Today, saddled with more than $80,000 in student loan debt, the 22-year-old senior wishes he'd spent more time deciding how to borrow.

"We're too young to grasp that this is thousands of dollars I'm going to owe," he said. "It doesn't feel like real debt until a few years down the road — like now."

Haynes is like many college students who find that grants, scholarships and work-study programs only go so far to cover tuition, room, board, books and supplies. Students carried an average $19,200 in debt in 2004, twice the amount they carried a decade before, according to The Project on Student Debt.

Thanks to soaring tuition costs, borrowing has become an inescapable fact of college life. Two-thirds of students at four-year colleges carried loan debt in 2004, compared with less than half in 1993, according to The Project on Student Debt.

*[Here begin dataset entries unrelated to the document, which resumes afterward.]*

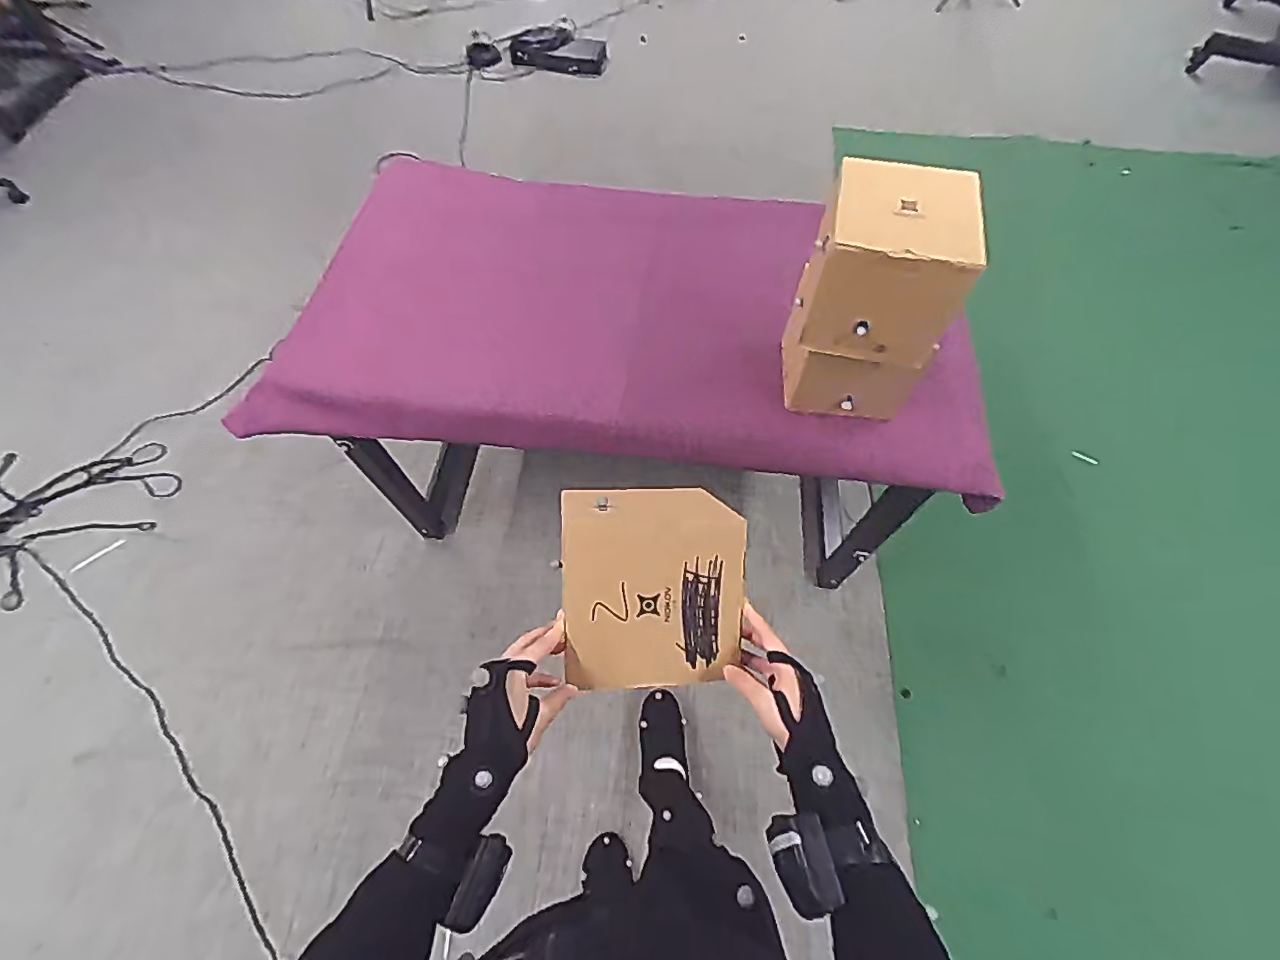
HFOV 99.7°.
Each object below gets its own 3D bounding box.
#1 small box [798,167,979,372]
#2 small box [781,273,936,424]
[{"bbox_3d":[0.313,-0.272,0.710,0.168,0.176,0.179,11,61,8],"label":"small box"},{"bbox_3d":[0.332,-0.205,0.859,0.179,0.176,0.168,5,58,4],"label":"small box"}]
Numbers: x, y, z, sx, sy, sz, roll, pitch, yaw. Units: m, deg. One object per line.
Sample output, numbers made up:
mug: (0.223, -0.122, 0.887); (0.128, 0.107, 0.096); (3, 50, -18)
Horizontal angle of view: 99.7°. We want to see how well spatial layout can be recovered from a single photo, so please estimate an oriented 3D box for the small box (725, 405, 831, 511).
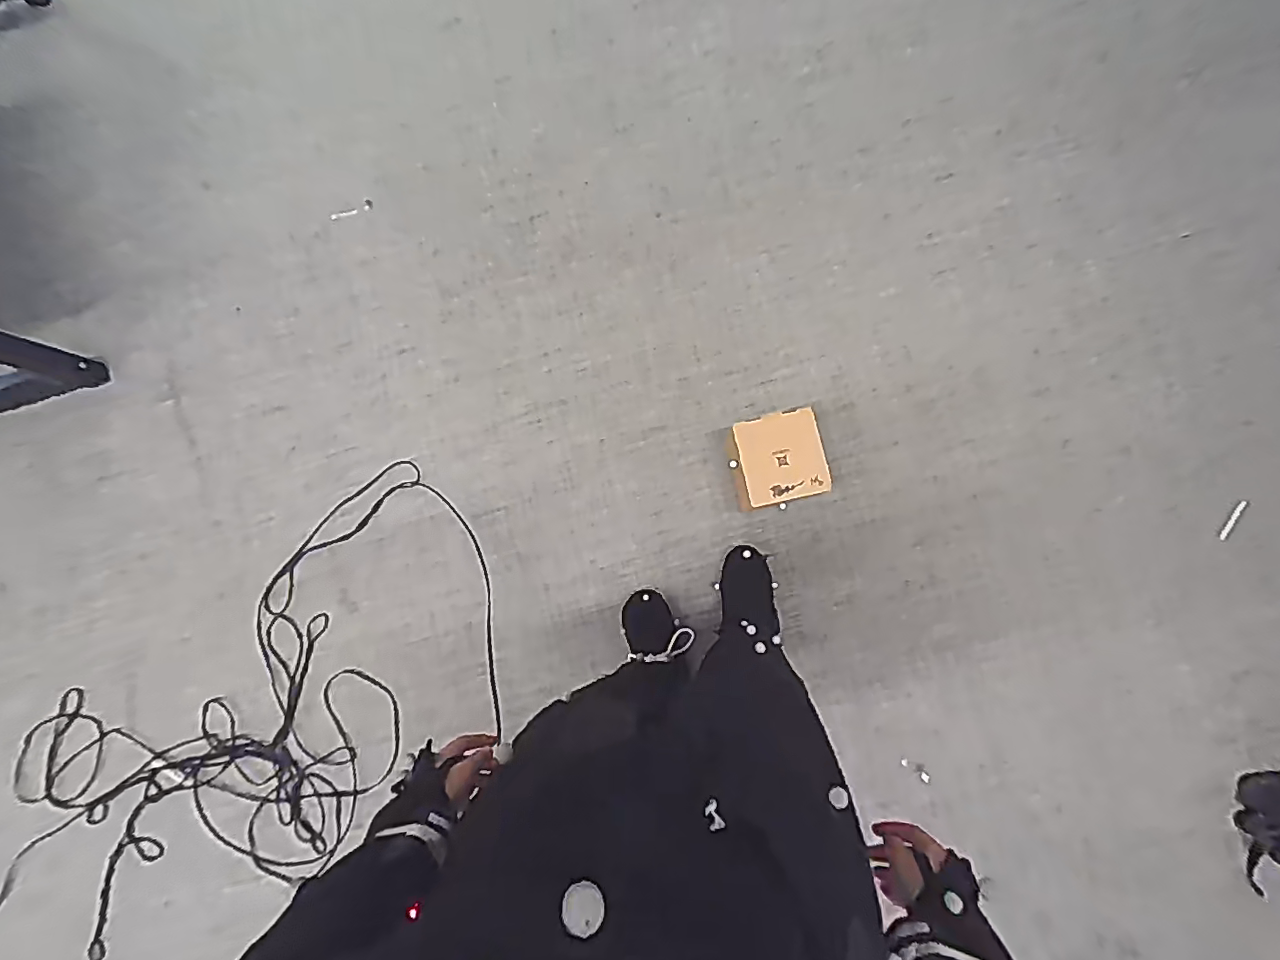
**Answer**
small box: (0.283, -0.040, 1.150); (0.168, 0.176, 0.179); (-13, 82, 2)
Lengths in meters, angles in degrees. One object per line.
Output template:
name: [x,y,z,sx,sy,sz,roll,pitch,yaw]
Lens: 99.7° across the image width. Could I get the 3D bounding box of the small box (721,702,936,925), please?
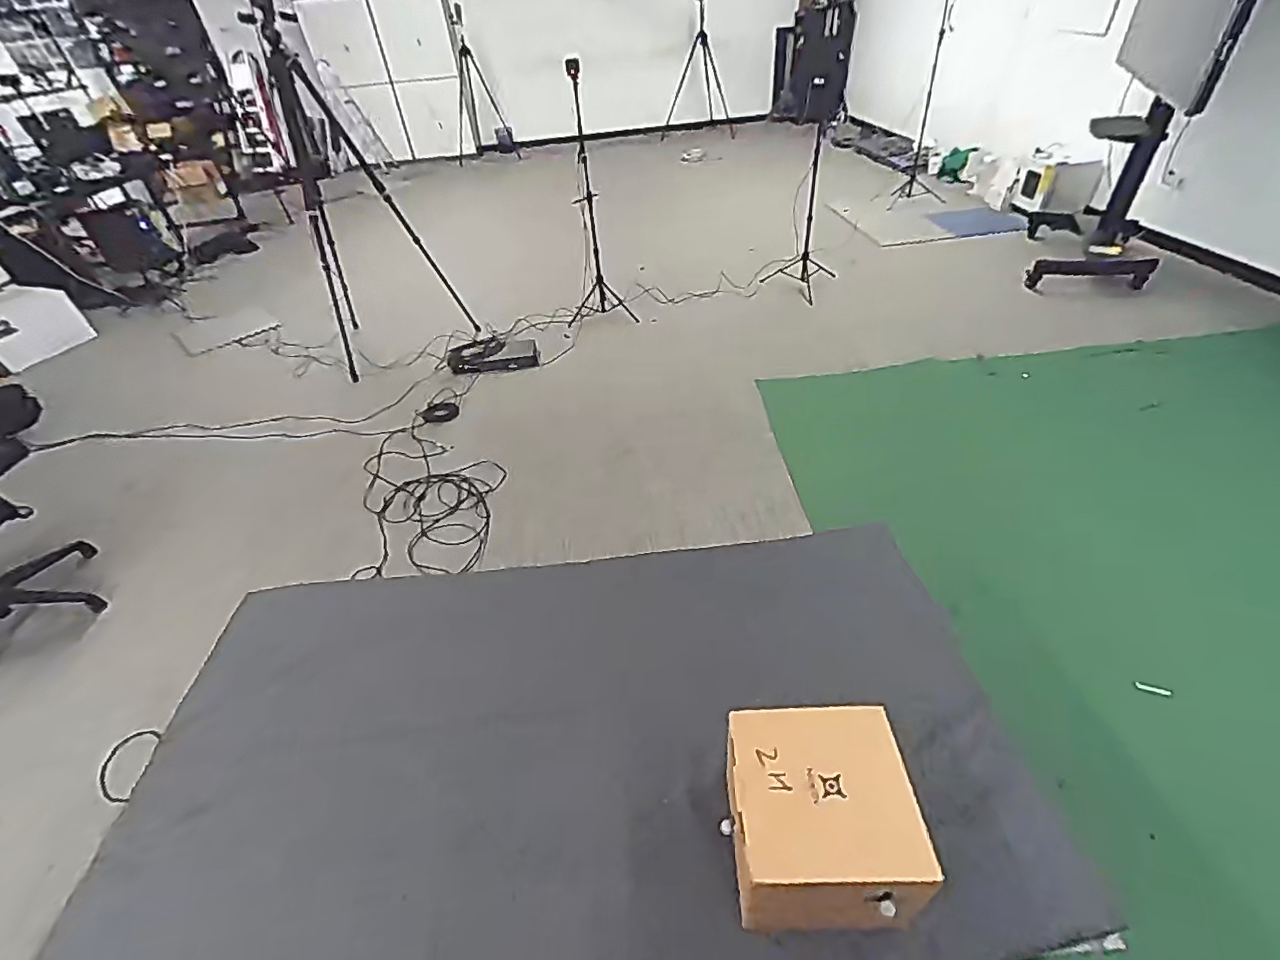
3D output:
small box: [0.185,0.365,0.594,0.179,0.176,0.168,-4,39,4]
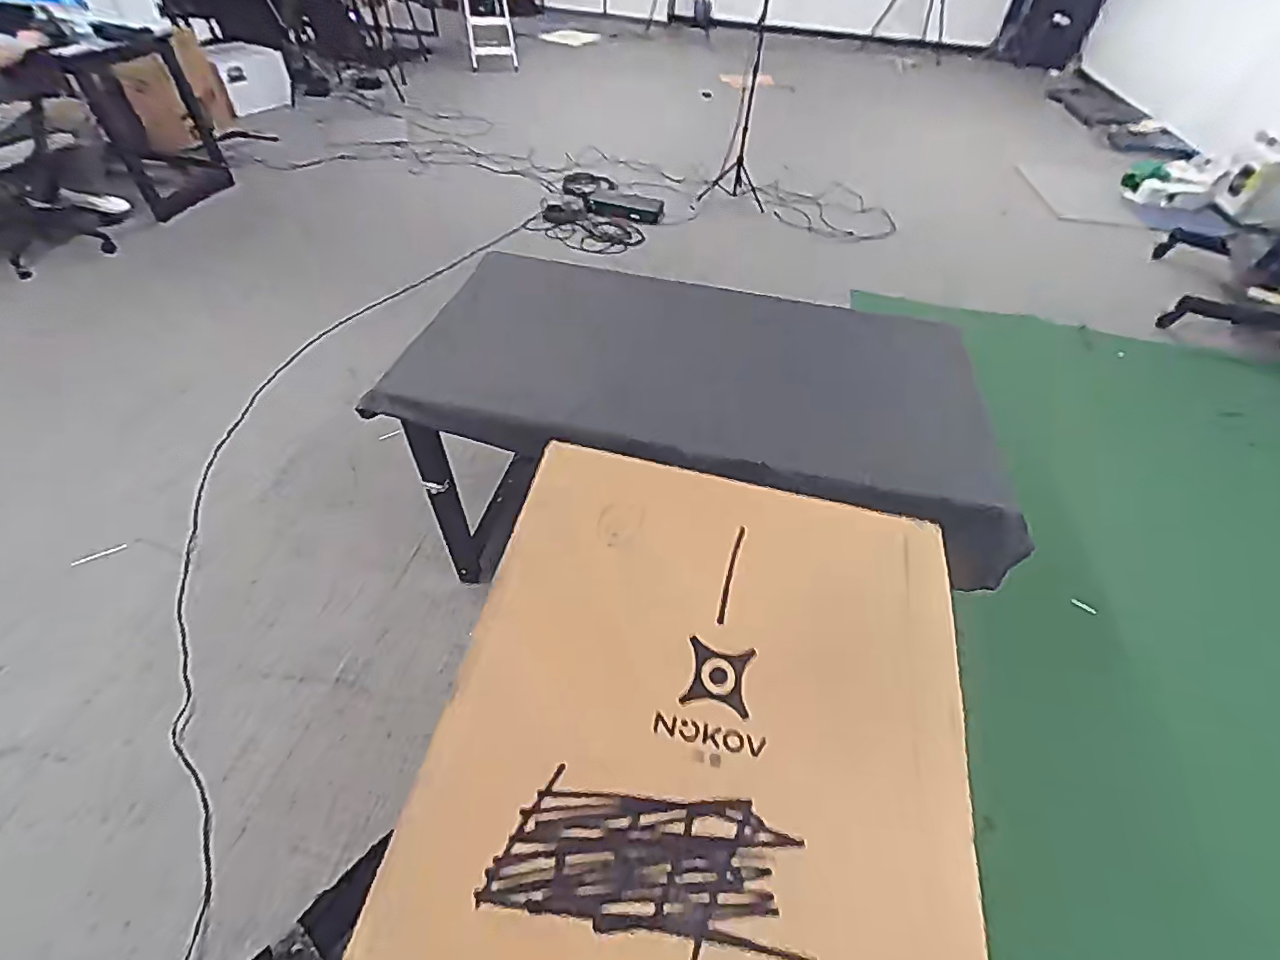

"My first advice to families is save, save early ... work with your institutions to see what aid is available," said Diane Jones, assistant secretary of post-secondary education at the U.S. Department of Education. "But understand that for many families, taking on debt is going to be part of the solution of meeting the cost."

After being accepted at Eastern Michigan, Haynes followed his high school's advice and applied for federal aid. But the process of filling out complex forms asking about his family's financial assets overwhelmed him.

He ultimately borrowed from Chase, which was on a list of lenders the university provides students. Because the federal loan is capped at only a few thousands dollars per year, Haynes also borrowed from Sallie Mae, which tops another list of school-approved lenders.

The rate on the federal loans was between 4 percent and 5 percent. But the private loans carried rates between 8 percent and 12 percent. Haynes said he could have shopped around and switched, but by the time he understood his options it was more convenient to stick with Sallie Mae.

Haynes described the school's financial aid office as "very helpful" even if the advice he got there wasn't the best. He said the borrowing process is so daunting and time-consuming that it's only natural to rely on colleges for advice on where to go for loans.

"I knew it was going to cost. I just didn't get the depth of how big that cost actually is," he said. "People tell me, 'You'll find a way to pay it. You'll get a job.' Now I'm looking at grad school and I'm like, 'Here we go again."'

Carmen Berkley, 22, had a similar experience. She said financial aid officers at the University of Pittsburgh gave her a brochure listing several lenders, but she wishes she had received more guidance.

The Georgia native, who graduated Aug. 3, took out several private loans with interest rates as high as 19.5 percent. She's now carrying more than $70,000 of debt.

"No one really said, 'Here are the interest rate options, this is what a deferment means, this is what paying the interest means right now,"' Berkley said.

Shopping for a student loan? Here's some advice

For students trying to navigate the complex world of college loans, the Project on Student Debt, a nonprofit group in Washington, D.C., offers these tips:

• Borrow only as much as you really need.

• Talk to a financial aid officer at your college to see if you might be eligible for more grants even if you've been offered student loans as part of your financial aid package.

• Start with federal loans. Interest rates on Perkins loans (5 percent fixed) or Stafford loans (maximum 6.8 percent) don't change over time and aren't affected by your credit rating. They also come with some borrower protections in case you're unemployed or have other financial problems after college.

• Avoid private student loans (sometimes called "alternative" loans) if possible. Even if they start with what seem like low rates, those rates can shoot up at any time. Also, they don't have the borrower protections that come with federal loans.

•Beware of private loans in disguise. Some schools put their own name on private loans, or the loans may have other brand names that make them look safer than they really are.

• Shop around. If your school recommends borrowing from a certain lender or lenders, find out why. If you find a good rate on a private loan, keep talking to other lenders, and see if they will beat that rate. Make sure you get the final deal in writing, and that you understand the limitations and restrictions.